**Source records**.
+ + + + +

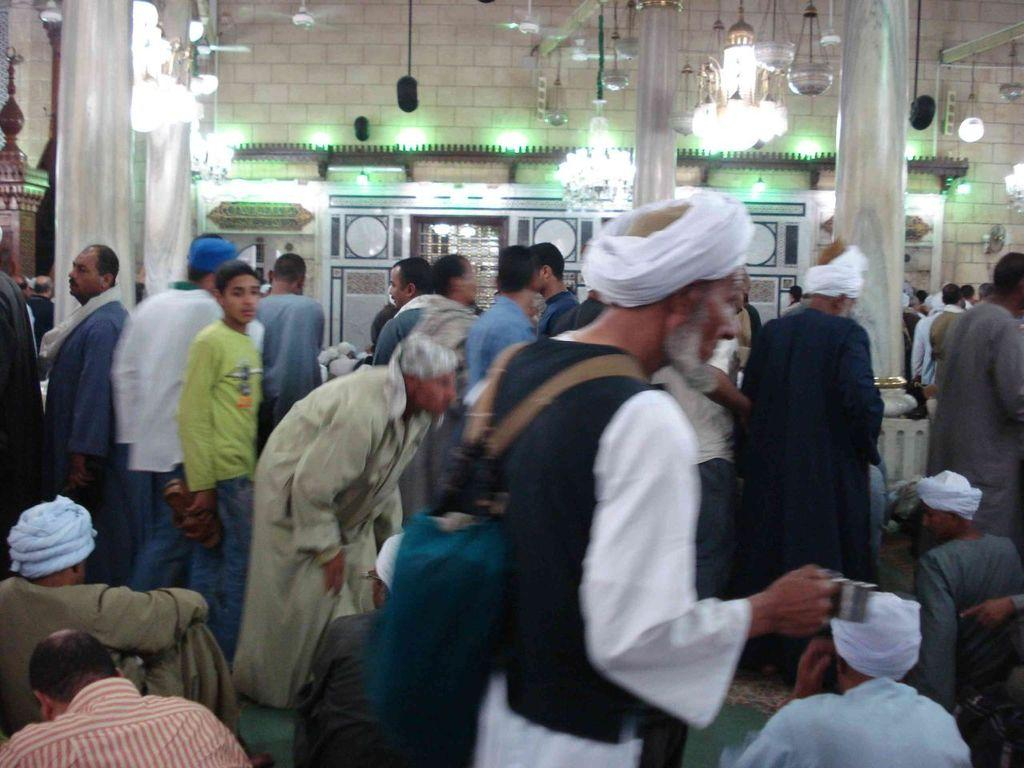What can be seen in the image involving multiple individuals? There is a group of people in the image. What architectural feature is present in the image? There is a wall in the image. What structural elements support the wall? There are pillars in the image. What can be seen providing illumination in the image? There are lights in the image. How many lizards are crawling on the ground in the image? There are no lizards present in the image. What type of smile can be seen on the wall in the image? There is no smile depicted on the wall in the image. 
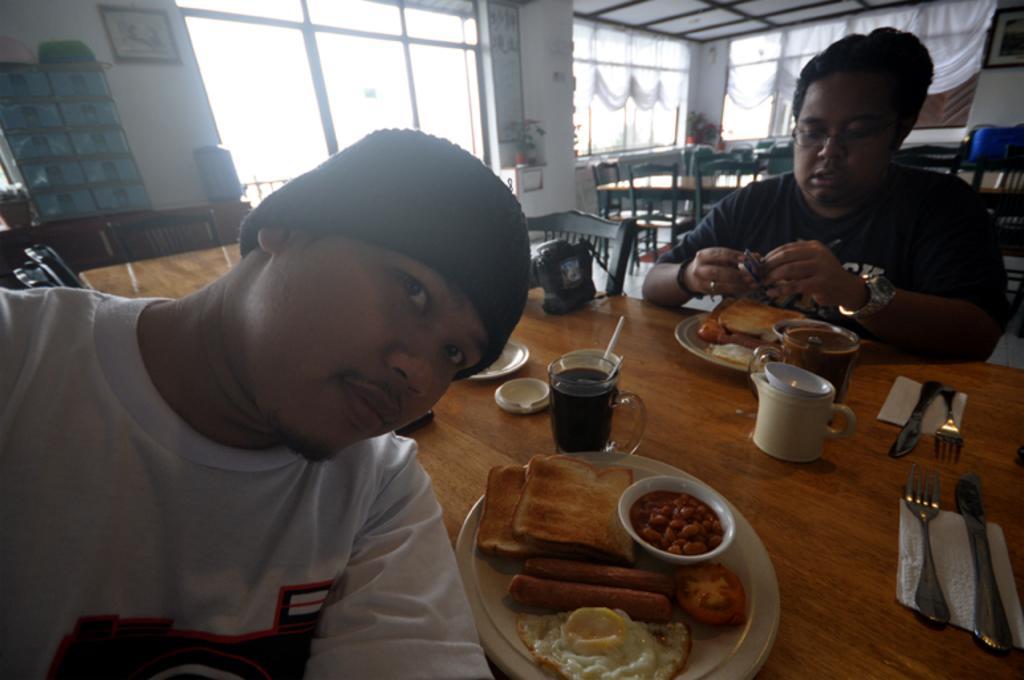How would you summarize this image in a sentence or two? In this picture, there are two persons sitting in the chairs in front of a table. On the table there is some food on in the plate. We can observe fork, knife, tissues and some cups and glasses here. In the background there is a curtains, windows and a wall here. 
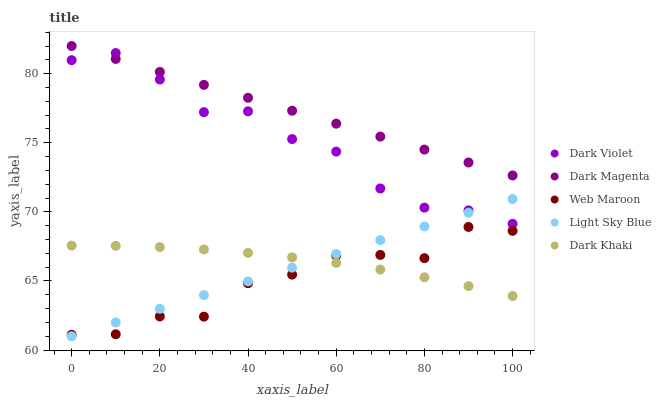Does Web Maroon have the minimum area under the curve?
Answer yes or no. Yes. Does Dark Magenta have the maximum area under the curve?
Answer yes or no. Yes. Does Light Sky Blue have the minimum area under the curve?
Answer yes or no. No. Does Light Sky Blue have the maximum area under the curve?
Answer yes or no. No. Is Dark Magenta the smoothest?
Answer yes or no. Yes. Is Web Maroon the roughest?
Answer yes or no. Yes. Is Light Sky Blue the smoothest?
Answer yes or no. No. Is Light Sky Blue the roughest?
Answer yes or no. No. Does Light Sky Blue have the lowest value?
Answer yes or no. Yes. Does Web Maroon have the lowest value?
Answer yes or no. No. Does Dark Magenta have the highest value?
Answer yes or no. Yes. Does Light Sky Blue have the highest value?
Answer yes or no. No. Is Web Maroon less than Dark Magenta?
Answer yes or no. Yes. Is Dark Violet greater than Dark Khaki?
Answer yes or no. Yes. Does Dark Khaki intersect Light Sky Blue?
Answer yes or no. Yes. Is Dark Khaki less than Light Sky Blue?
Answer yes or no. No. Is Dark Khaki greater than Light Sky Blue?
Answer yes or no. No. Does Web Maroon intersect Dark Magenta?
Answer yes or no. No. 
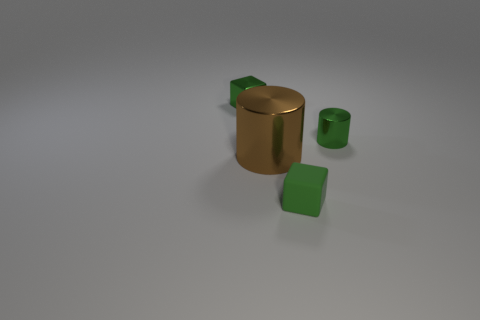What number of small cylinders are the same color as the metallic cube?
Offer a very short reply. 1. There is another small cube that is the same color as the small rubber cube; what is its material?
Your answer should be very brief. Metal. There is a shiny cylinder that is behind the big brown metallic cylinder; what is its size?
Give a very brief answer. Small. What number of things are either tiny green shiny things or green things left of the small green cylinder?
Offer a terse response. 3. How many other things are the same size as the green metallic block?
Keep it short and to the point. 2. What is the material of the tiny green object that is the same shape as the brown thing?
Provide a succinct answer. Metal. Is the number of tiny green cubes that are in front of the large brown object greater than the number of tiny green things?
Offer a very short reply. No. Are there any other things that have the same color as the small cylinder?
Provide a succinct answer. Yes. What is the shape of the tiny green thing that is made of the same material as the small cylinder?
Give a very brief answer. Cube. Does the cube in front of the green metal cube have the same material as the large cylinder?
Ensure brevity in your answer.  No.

+ + + + +

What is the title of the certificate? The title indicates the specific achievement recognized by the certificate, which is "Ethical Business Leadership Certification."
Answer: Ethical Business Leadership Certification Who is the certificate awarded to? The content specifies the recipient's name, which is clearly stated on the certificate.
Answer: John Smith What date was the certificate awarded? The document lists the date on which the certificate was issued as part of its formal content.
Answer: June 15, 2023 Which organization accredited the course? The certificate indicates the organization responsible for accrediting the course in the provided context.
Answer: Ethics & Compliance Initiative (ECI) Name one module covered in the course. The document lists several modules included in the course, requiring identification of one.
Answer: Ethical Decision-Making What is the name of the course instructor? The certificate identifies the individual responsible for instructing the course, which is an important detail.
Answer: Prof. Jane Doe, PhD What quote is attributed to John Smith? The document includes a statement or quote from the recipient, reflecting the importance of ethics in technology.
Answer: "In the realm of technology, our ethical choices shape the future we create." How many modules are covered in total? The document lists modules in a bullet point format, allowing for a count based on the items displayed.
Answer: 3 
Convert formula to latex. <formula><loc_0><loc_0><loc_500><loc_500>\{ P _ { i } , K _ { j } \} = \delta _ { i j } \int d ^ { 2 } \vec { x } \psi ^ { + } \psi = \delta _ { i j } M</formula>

+ + + + +

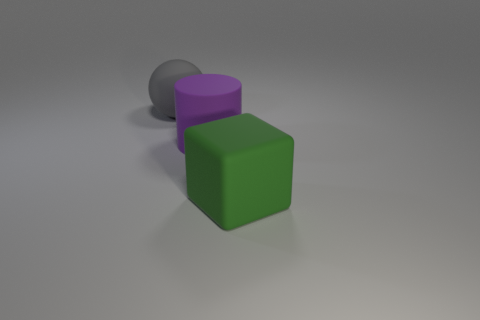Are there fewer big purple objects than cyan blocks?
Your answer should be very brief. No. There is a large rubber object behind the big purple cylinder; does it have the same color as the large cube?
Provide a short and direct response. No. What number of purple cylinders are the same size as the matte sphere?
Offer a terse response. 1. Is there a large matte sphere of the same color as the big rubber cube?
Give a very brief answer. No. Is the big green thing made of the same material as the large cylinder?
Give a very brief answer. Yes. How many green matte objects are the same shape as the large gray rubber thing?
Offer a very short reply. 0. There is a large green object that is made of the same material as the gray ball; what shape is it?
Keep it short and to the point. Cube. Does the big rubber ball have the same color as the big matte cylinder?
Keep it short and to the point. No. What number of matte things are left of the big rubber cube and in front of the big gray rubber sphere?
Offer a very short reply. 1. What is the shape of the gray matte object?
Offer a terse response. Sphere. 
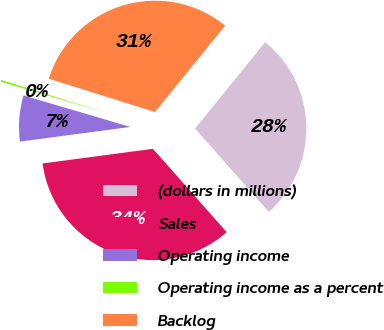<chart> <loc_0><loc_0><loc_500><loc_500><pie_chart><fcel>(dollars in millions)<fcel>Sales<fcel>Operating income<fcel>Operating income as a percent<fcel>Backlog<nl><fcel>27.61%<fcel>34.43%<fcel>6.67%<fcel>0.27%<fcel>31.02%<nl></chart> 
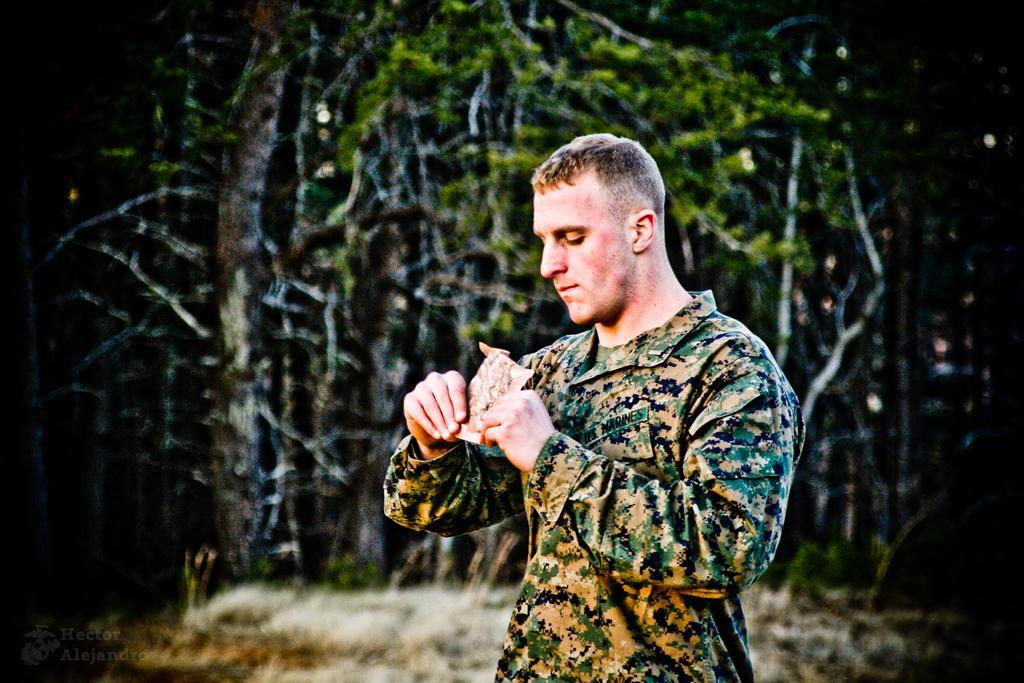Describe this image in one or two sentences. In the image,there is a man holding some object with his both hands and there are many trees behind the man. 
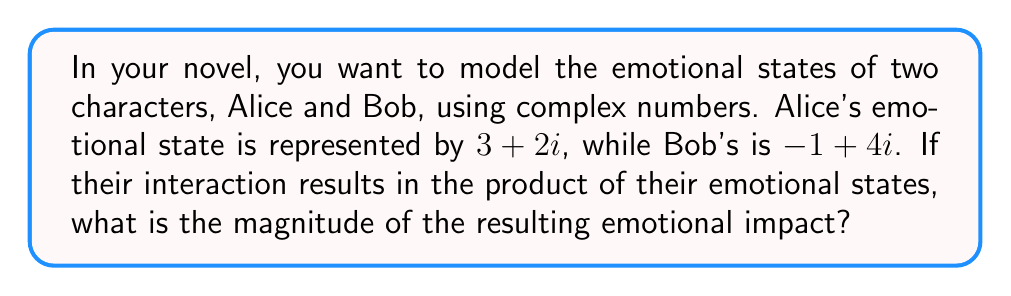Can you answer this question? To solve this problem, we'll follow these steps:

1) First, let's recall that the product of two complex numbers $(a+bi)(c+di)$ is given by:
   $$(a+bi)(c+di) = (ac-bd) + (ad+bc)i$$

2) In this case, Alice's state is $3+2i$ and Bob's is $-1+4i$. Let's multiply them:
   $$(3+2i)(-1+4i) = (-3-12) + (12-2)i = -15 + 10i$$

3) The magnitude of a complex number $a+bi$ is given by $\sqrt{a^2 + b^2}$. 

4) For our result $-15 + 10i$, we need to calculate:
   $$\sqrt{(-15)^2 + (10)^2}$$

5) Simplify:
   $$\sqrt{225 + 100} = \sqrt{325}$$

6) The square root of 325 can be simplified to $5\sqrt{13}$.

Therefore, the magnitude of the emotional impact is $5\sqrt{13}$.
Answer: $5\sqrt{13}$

+ + + + +

**Task to complete**. Filter the entries and copy out every line with the word "shiny".

**Result of the exercise**.
Your answer should be very brief. Metal. There is a shiny cylinder that is behind the big brown metallic cylinder; what is its size?
Give a very brief answer. Small. What number of things are either tiny green shiny things or green things left of the small green cylinder?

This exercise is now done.